雲嵐任憑他帶路,也並沒有回頭張望,有那麼一瞬間她反倒覺得真實而刺激,彷彿是於合適的地點遇上了合適的人,故而在這樣月朗風清的夜裡,就連做些荒謬的事情都可以被原諒。
……直到確定已經脫離了身後堯王的視線範圍,白祁月重新停下來,駐足在一家古玩攤鋪之前,若有所思盯着臺案上的物件看,像是在尋摸什麼。雲嵐正欲詢問,卻見他拾起一根溫潤的白玉簪子摩挲片刻,轉而和攤主議起價來。
“喂,你在買什麼?”
“這是積雪白玉,是西域那邊特有的優質玉石,質地堅硬,如今宮中都罕見,卻不想能在這找着。”他悠然道,“都說玉在山而木潤,玉蘊石而山輝,放在人身上也是同樣道理,權當臣借花盞節討太妃歡心。”

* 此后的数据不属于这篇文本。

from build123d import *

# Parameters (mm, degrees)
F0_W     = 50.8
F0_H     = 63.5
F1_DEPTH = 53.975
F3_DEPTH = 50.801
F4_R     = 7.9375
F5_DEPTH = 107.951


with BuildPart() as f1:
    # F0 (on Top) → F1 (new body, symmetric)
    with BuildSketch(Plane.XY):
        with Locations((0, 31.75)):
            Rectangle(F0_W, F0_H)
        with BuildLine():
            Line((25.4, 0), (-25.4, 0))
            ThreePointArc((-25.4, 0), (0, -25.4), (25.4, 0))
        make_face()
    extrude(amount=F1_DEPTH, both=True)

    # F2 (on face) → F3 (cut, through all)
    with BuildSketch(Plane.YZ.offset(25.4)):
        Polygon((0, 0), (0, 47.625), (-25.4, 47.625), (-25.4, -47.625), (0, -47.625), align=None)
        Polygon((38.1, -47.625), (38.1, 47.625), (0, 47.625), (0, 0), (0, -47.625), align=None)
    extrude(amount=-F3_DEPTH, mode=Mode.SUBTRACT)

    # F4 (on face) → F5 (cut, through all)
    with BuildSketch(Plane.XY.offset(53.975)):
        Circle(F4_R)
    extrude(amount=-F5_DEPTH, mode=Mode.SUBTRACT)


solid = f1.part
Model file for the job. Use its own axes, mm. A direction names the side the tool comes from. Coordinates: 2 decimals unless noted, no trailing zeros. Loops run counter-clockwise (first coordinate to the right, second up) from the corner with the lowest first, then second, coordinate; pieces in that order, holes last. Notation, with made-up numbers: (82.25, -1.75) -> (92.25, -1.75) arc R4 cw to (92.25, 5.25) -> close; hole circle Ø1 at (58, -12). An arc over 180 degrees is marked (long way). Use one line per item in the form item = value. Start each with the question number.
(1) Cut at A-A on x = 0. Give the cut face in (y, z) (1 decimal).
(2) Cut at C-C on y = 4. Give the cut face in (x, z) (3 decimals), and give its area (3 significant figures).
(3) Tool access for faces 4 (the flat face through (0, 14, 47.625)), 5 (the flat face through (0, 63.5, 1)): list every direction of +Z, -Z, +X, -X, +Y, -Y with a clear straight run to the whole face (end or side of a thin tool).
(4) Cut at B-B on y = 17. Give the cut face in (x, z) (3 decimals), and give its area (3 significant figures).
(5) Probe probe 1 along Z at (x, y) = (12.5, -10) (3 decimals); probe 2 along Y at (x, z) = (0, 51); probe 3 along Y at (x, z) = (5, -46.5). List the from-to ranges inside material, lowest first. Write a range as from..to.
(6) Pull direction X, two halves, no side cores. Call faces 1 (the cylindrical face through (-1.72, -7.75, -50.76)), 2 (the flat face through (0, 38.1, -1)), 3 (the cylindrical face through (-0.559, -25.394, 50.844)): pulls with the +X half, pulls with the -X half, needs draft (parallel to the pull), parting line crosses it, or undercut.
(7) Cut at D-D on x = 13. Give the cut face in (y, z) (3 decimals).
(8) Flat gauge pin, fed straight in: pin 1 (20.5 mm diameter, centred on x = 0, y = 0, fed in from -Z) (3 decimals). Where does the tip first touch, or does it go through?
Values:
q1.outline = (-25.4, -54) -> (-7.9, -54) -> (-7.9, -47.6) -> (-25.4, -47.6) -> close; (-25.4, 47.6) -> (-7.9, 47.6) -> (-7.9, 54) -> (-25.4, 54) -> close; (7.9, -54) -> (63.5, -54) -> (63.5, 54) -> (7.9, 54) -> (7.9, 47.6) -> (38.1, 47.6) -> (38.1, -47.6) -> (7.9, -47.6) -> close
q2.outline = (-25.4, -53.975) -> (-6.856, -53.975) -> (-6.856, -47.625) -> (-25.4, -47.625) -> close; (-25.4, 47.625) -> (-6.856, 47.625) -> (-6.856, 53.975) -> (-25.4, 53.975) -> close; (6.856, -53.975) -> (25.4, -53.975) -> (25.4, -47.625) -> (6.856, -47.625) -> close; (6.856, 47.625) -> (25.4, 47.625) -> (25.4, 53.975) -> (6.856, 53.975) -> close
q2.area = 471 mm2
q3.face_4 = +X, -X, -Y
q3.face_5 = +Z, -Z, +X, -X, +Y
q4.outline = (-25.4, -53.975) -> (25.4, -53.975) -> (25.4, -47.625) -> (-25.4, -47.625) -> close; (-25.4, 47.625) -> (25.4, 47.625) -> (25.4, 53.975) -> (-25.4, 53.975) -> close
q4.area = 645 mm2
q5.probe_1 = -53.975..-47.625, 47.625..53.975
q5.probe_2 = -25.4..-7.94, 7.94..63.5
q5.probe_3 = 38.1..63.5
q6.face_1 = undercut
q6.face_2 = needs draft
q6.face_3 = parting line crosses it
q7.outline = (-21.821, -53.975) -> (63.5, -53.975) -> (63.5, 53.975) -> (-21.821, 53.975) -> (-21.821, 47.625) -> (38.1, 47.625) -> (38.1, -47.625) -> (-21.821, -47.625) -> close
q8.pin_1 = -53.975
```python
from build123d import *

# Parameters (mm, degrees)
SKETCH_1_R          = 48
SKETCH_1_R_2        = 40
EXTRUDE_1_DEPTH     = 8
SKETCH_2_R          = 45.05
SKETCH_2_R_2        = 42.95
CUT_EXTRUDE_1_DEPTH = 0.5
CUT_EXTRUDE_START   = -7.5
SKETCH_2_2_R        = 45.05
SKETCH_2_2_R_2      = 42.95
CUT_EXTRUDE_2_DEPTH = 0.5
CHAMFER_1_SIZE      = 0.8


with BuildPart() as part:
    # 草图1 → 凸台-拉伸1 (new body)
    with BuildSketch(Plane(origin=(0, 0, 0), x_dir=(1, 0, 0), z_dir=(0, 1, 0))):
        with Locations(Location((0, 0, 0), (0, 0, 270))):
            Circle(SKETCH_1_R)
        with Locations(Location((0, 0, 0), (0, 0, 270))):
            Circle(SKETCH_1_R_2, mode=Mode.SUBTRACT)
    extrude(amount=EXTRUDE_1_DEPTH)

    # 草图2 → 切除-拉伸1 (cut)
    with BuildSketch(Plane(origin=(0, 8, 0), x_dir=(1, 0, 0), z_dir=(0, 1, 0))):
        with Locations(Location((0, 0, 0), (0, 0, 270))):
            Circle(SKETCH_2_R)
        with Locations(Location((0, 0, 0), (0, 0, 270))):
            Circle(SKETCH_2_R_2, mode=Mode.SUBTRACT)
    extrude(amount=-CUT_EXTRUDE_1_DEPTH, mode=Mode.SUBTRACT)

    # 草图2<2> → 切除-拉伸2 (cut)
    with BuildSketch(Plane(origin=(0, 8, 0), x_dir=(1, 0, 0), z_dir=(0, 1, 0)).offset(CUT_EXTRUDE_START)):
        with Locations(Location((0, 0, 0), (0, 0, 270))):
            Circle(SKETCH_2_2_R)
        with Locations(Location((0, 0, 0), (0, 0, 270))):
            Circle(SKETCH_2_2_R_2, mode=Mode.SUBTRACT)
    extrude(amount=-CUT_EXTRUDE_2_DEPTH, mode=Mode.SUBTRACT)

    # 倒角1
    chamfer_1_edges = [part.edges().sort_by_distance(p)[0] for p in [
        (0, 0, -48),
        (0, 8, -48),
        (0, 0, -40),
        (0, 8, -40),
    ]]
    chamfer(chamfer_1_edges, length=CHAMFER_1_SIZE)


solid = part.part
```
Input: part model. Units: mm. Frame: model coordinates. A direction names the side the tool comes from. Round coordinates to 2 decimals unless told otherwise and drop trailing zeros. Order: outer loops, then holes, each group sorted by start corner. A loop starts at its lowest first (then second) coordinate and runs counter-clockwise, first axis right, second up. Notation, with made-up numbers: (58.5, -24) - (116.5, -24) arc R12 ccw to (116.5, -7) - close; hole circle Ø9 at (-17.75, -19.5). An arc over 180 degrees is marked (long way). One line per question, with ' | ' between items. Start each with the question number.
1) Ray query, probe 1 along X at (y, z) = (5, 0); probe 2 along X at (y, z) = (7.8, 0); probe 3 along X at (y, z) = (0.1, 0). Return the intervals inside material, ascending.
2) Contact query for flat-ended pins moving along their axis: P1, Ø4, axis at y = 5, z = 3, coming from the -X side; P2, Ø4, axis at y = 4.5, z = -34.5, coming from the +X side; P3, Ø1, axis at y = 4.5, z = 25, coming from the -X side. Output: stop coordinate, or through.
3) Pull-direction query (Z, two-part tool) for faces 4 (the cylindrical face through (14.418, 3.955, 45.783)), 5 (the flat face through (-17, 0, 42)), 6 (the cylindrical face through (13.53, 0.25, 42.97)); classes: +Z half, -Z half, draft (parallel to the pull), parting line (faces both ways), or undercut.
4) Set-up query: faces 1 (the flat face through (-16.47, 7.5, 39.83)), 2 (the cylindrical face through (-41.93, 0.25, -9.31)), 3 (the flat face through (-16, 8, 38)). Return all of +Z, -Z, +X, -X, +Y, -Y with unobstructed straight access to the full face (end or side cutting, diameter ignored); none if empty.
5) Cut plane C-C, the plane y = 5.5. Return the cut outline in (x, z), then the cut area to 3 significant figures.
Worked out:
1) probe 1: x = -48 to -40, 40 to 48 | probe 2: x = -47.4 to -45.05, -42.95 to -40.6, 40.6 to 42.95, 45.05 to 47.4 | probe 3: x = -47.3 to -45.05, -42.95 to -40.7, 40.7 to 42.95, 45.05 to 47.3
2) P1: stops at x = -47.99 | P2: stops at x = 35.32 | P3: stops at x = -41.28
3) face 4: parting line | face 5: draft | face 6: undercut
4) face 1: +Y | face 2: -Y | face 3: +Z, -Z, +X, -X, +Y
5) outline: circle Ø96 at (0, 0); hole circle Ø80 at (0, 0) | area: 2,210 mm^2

手指回攏,雲嵐將玉簪舉至眼前細細端詳,見表面覆了一層薄薄光暈,內有錯綜紋路若隱若現,像個美麗而縹緲的夢,簪尾的珠鏈顆粒圓潤,最後那枚色如硃砂,像極了她眉心的痣。
“千歲爺陸陸續續送過那麼多首飾,只有這一件最好。”她頓了頓,又未免有些難爲情,“不過我卻連半分回禮都沒相送,實在是太不應該。”
“無非是巧合而已,太妃這麼愧疚難當,倒真叫臣心中惶恐。”
“……啊,我倒也沒有愧疚難當啦。”她俏生生瞥他,“之前不是說好別再叫我太妃了嗎?聽着刺耳。”
白祁月故作驚訝:“可是您明明也在喚着‘千歲爺’啊!”
“……”雲嵐發現自己和他鬥嘴就沒贏的時候,一怒之下乾脆直接把簪子拍在他手上,“白祁月,幫我戴上!”
“榮幸之至。”
他的指尖似乎慣常少一分暖度,隨着嫺熟動作有意無意自發間劃過她細嫩的脖頸,珠鏈從掌心垂落,一點嫣紅襯着凝脂般的肌膚,靡顏膩理,蕩人心魂。